SUPPLIED RECORDS below:

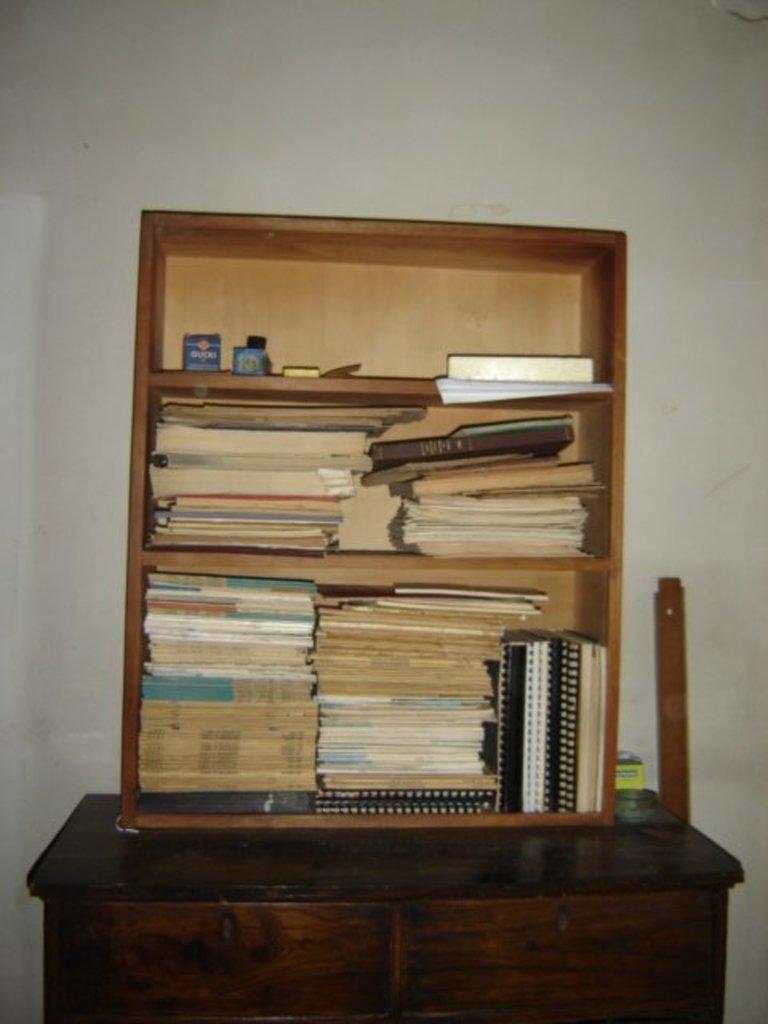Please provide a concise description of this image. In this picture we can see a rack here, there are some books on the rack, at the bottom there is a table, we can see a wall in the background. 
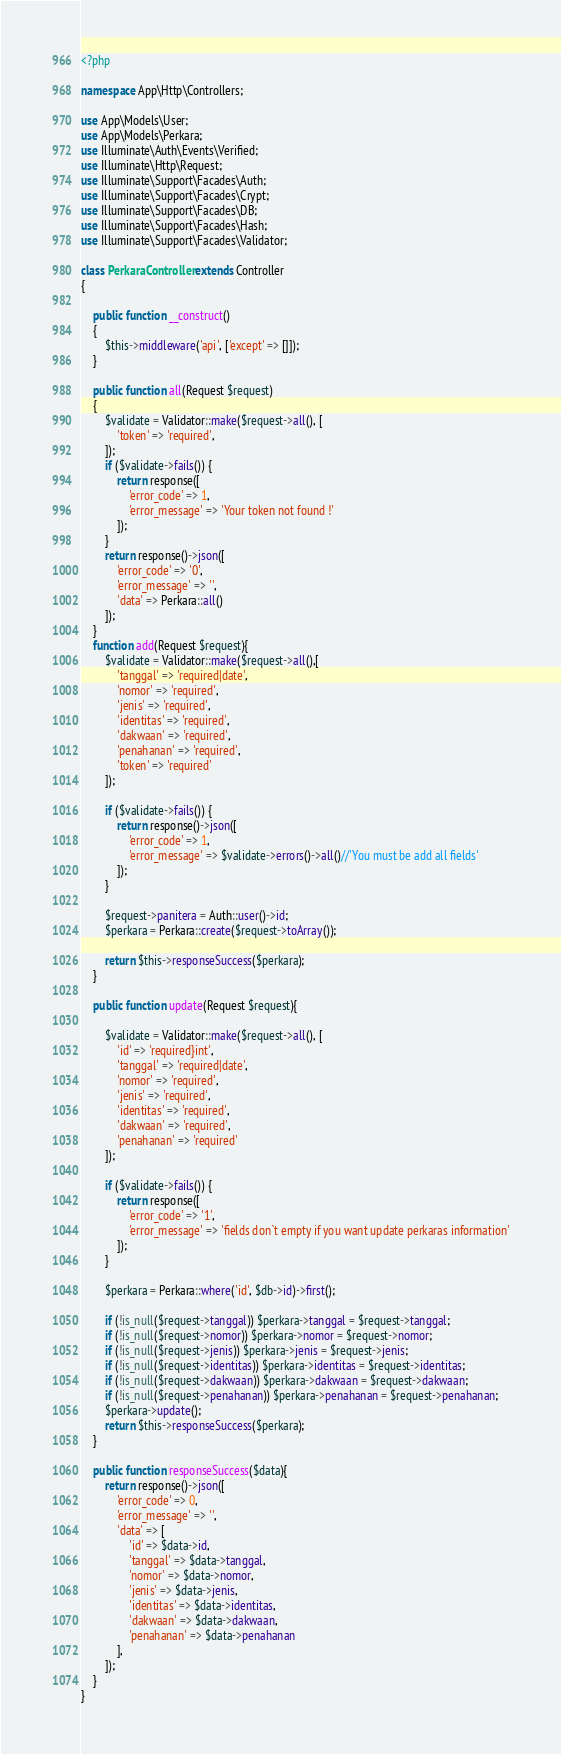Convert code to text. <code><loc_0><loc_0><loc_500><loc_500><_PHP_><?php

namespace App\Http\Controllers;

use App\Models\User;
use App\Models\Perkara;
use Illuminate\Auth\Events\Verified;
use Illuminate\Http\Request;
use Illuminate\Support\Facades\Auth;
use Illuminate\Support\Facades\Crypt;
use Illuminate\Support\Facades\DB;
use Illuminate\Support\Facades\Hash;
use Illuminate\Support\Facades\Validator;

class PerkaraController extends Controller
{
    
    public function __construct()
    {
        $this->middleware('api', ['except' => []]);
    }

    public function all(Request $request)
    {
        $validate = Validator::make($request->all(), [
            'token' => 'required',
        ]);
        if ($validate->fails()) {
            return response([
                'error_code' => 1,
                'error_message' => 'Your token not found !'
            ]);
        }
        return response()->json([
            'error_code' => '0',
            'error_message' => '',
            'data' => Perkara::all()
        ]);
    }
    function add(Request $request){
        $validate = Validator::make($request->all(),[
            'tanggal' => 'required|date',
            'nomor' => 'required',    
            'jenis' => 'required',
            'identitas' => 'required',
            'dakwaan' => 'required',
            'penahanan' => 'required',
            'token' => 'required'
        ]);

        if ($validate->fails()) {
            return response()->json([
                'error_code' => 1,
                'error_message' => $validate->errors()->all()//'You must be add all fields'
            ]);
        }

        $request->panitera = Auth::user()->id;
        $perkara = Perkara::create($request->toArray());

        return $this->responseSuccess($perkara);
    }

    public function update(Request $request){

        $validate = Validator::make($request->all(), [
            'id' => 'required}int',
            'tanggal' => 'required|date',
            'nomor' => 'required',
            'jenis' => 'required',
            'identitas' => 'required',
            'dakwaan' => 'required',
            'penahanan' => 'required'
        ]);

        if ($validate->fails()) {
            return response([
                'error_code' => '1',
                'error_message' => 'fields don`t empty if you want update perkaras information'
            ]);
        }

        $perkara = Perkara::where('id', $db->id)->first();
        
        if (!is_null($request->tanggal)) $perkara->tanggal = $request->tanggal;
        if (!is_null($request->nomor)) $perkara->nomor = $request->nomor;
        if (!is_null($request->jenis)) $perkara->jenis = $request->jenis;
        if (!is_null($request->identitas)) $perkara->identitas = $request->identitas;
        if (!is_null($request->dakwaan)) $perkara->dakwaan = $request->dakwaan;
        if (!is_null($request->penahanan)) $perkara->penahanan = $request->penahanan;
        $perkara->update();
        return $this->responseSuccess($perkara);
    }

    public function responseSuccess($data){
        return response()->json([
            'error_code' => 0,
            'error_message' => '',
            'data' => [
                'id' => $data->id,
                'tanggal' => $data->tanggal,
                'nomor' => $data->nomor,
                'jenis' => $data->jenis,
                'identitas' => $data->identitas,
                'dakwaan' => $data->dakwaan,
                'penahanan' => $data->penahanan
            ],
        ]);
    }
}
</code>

End of SUPPLIED RECORDS.

Only the text of the records belongs in your answer, copied exactly as it appears above.

RESPONSE AREA:
Please provide a concise description of this image. In this picture we can see a rack here, there are some books on the rack, at the bottom there is a table, we can see a wall in the background. 
Convert code to text. <code><loc_0><loc_0><loc_500><loc_500><_PHP_><?php

namespace App\Http\Controllers;

use App\Models\User;
use App\Models\Perkara;
use Illuminate\Auth\Events\Verified;
use Illuminate\Http\Request;
use Illuminate\Support\Facades\Auth;
use Illuminate\Support\Facades\Crypt;
use Illuminate\Support\Facades\DB;
use Illuminate\Support\Facades\Hash;
use Illuminate\Support\Facades\Validator;

class PerkaraController extends Controller
{
    
    public function __construct()
    {
        $this->middleware('api', ['except' => []]);
    }

    public function all(Request $request)
    {
        $validate = Validator::make($request->all(), [
            'token' => 'required',
        ]);
        if ($validate->fails()) {
            return response([
                'error_code' => 1,
                'error_message' => 'Your token not found !'
            ]);
        }
        return response()->json([
            'error_code' => '0',
            'error_message' => '',
            'data' => Perkara::all()
        ]);
    }
    function add(Request $request){
        $validate = Validator::make($request->all(),[
            'tanggal' => 'required|date',
            'nomor' => 'required',    
            'jenis' => 'required',
            'identitas' => 'required',
            'dakwaan' => 'required',
            'penahanan' => 'required',
            'token' => 'required'
        ]);

        if ($validate->fails()) {
            return response()->json([
                'error_code' => 1,
                'error_message' => $validate->errors()->all()//'You must be add all fields'
            ]);
        }

        $request->panitera = Auth::user()->id;
        $perkara = Perkara::create($request->toArray());

        return $this->responseSuccess($perkara);
    }

    public function update(Request $request){

        $validate = Validator::make($request->all(), [
            'id' => 'required}int',
            'tanggal' => 'required|date',
            'nomor' => 'required',
            'jenis' => 'required',
            'identitas' => 'required',
            'dakwaan' => 'required',
            'penahanan' => 'required'
        ]);

        if ($validate->fails()) {
            return response([
                'error_code' => '1',
                'error_message' => 'fields don`t empty if you want update perkaras information'
            ]);
        }

        $perkara = Perkara::where('id', $db->id)->first();
        
        if (!is_null($request->tanggal)) $perkara->tanggal = $request->tanggal;
        if (!is_null($request->nomor)) $perkara->nomor = $request->nomor;
        if (!is_null($request->jenis)) $perkara->jenis = $request->jenis;
        if (!is_null($request->identitas)) $perkara->identitas = $request->identitas;
        if (!is_null($request->dakwaan)) $perkara->dakwaan = $request->dakwaan;
        if (!is_null($request->penahanan)) $perkara->penahanan = $request->penahanan;
        $perkara->update();
        return $this->responseSuccess($perkara);
    }

    public function responseSuccess($data){
        return response()->json([
            'error_code' => 0,
            'error_message' => '',
            'data' => [
                'id' => $data->id,
                'tanggal' => $data->tanggal,
                'nomor' => $data->nomor,
                'jenis' => $data->jenis,
                'identitas' => $data->identitas,
                'dakwaan' => $data->dakwaan,
                'penahanan' => $data->penahanan
            ],
        ]);
    }
}
</code>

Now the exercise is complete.